DIRECTIONS FOR THIS TASK:
Whenever a line contains the string "buttonContainer", copy it out of the entries.

DATA EXTRACT:
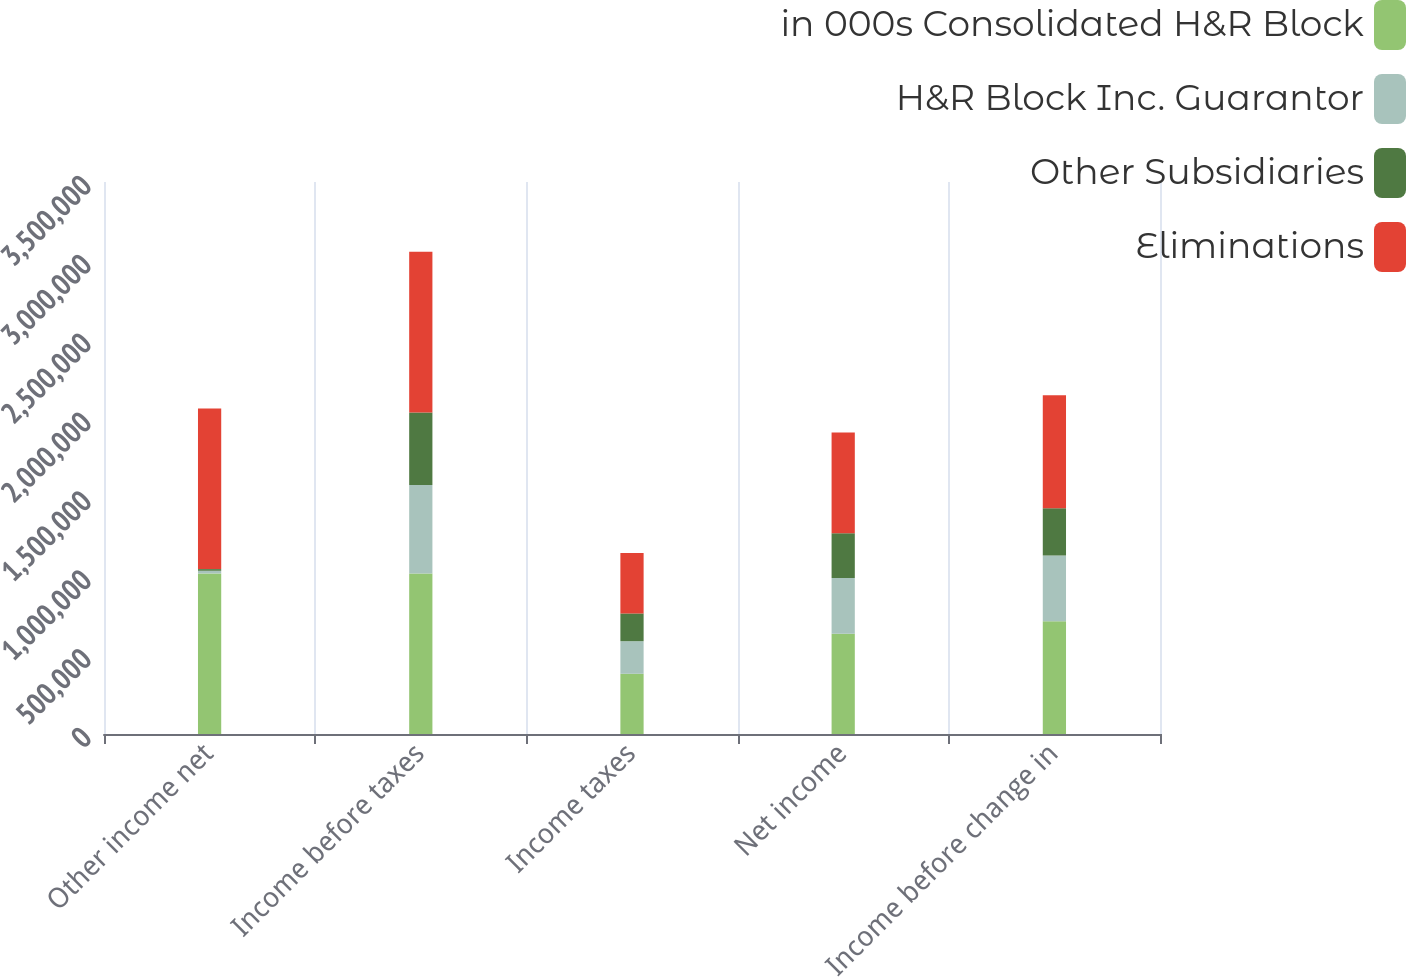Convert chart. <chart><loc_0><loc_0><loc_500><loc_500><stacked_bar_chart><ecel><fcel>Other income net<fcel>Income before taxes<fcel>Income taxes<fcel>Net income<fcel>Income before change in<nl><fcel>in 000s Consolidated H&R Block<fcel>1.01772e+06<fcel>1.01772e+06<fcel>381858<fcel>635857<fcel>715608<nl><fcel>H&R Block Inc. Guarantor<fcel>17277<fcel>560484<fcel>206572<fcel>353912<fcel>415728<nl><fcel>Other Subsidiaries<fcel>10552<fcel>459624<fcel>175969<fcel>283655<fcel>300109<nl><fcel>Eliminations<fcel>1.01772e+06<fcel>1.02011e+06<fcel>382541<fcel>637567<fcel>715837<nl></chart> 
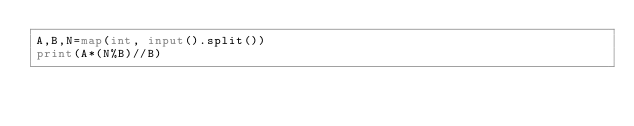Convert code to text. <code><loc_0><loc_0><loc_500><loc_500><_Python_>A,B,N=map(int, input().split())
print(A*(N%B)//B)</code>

==

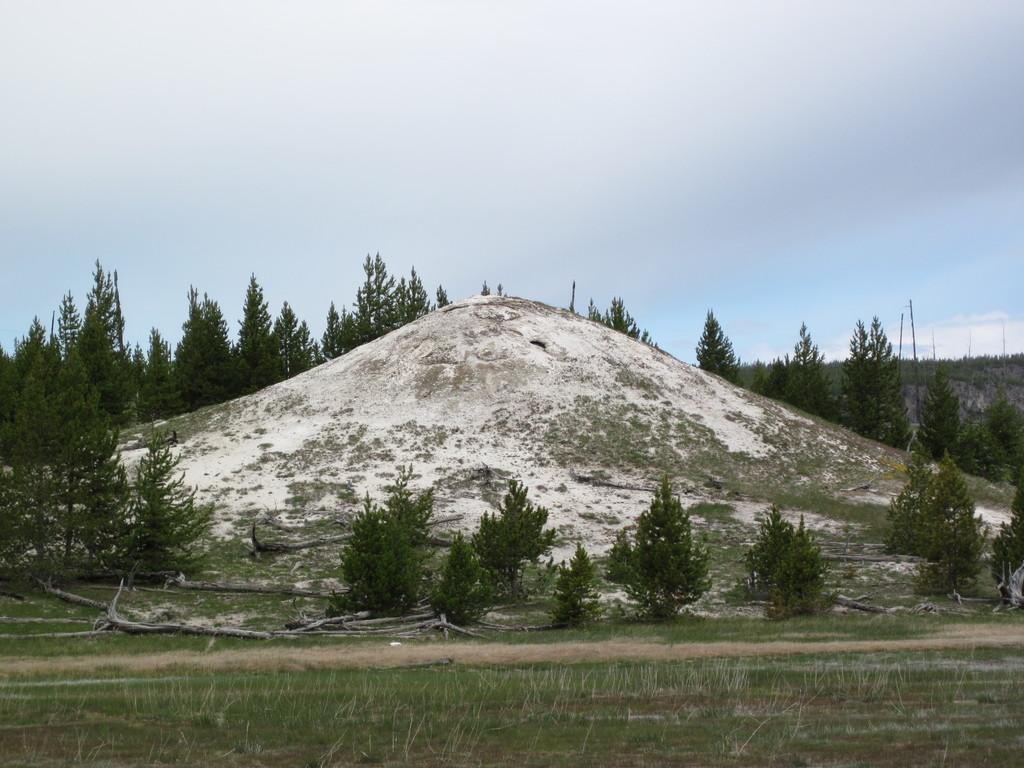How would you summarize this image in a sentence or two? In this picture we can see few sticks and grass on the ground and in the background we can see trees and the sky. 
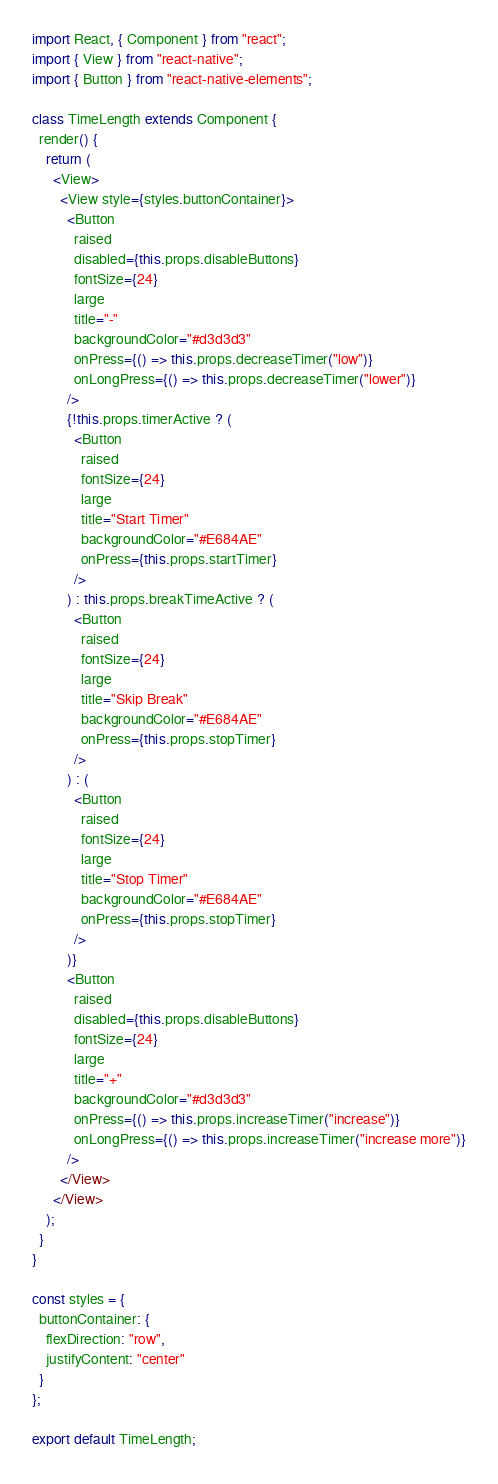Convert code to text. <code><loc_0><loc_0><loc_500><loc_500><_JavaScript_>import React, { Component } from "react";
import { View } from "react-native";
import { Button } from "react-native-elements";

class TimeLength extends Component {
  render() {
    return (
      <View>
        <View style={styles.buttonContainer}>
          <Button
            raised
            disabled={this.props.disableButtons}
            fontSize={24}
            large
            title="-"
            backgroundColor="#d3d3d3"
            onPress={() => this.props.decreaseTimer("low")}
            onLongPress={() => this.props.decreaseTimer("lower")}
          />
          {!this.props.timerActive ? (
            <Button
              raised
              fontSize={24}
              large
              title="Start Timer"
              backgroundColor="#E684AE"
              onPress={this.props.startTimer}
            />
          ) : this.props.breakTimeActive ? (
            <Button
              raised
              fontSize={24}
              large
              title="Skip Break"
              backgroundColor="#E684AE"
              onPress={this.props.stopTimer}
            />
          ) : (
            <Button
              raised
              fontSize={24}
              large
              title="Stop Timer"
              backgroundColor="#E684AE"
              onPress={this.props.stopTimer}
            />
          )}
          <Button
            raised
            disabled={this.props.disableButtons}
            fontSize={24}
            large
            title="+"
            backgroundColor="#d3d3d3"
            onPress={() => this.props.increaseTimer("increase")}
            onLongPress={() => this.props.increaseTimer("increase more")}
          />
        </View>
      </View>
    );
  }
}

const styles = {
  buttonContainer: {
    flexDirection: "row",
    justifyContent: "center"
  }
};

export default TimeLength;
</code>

REPLY TO THE EXERCISE:
        <View style={styles.buttonContainer}>
  buttonContainer: {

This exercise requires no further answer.